After one game to get used to the sky-high stakes of the last round of this tournament, both teams intend to channel their nervous energy more constructively in the future.

“There’s obviously nerves,” Washington’s Jay Beagle said. “I’m not surprised at anything anymore, but in the Stanley Cup final, usually it’s 2-1 or 1-0, not (6-4). But you don’t know what to expect from a team that you don’t know that much.”

The mistakes that worry coaches also lead to exciting hockey, and the opener was thoroughly entertaining even before Wilson lowered the boom on Marchessault. The teams combined for a final-record four lead changes in the highest-scoring opener in eight years for this final round.

Wilson, who served a three-game suspension in the second round for breaking the jaw of Pittsburgh’s Zach Aston-Reese, and the Capitals still insist Wilson did nothing wrong when he leveled the Golden Knights’ top playoff scorer.
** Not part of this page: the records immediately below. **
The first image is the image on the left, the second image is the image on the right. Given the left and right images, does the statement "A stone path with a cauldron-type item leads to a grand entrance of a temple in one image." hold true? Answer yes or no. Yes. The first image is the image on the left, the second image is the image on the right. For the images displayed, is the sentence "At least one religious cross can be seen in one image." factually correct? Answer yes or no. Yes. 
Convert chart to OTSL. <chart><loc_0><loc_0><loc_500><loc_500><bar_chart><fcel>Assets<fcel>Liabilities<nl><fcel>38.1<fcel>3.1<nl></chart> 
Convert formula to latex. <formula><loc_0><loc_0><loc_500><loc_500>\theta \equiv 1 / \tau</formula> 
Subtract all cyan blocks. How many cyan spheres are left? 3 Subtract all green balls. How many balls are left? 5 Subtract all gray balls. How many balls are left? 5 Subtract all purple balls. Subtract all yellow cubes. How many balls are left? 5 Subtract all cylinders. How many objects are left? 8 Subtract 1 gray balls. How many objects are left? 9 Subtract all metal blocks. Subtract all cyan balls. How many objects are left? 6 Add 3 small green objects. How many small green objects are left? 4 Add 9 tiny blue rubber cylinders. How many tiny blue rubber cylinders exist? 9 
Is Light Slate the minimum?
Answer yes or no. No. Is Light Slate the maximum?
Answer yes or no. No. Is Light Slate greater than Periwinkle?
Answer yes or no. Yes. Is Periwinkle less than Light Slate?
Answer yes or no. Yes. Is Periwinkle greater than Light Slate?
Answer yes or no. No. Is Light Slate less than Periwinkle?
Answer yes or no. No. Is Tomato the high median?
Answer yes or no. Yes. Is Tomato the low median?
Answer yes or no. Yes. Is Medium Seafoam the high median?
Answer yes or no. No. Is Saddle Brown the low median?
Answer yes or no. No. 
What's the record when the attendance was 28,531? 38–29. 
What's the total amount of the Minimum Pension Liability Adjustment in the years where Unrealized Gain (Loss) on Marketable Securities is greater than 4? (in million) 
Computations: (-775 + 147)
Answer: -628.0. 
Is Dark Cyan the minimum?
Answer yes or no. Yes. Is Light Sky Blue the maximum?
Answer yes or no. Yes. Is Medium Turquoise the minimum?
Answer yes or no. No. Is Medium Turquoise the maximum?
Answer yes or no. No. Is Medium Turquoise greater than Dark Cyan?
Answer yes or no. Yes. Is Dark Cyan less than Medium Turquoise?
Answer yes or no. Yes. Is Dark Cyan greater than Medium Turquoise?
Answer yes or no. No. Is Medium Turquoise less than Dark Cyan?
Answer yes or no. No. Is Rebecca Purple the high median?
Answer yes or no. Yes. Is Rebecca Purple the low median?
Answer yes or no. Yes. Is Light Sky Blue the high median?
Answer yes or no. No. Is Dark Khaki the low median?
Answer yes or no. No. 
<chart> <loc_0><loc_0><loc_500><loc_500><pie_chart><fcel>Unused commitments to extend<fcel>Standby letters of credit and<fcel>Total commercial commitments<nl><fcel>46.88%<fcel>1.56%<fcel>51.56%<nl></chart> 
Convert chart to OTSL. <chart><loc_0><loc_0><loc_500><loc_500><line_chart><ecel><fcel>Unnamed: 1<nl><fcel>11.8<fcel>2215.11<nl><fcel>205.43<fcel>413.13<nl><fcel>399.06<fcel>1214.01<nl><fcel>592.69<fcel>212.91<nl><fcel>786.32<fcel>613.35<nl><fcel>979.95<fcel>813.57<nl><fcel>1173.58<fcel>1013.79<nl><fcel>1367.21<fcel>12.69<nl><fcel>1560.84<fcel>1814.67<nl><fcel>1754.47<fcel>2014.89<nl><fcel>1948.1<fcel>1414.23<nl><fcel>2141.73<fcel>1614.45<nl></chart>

“It’s within the rules,” Wilson said after practice at T-Mobile Arena. “It’s a clean hit. I don’t know why it got so much media attention, to be honest. It’s a hard hit, but that’s the day and age we’re in. … I’m trying to play my game. There’s a lot of those hits that are going on, but it’s the Stanley Cup final, and it’s within the rules.”

The NHL Department of Player Safety agreed when it decided not to discipline Wilson for the shoulder-to-shoulder hit, clearly deciding that Wilson’s timing wasn’t extraordinarily late.

Marchessault went to the dressing room and was examined for a possible concussion, but returned. Gallant said the forward is feeling fine for Game 2.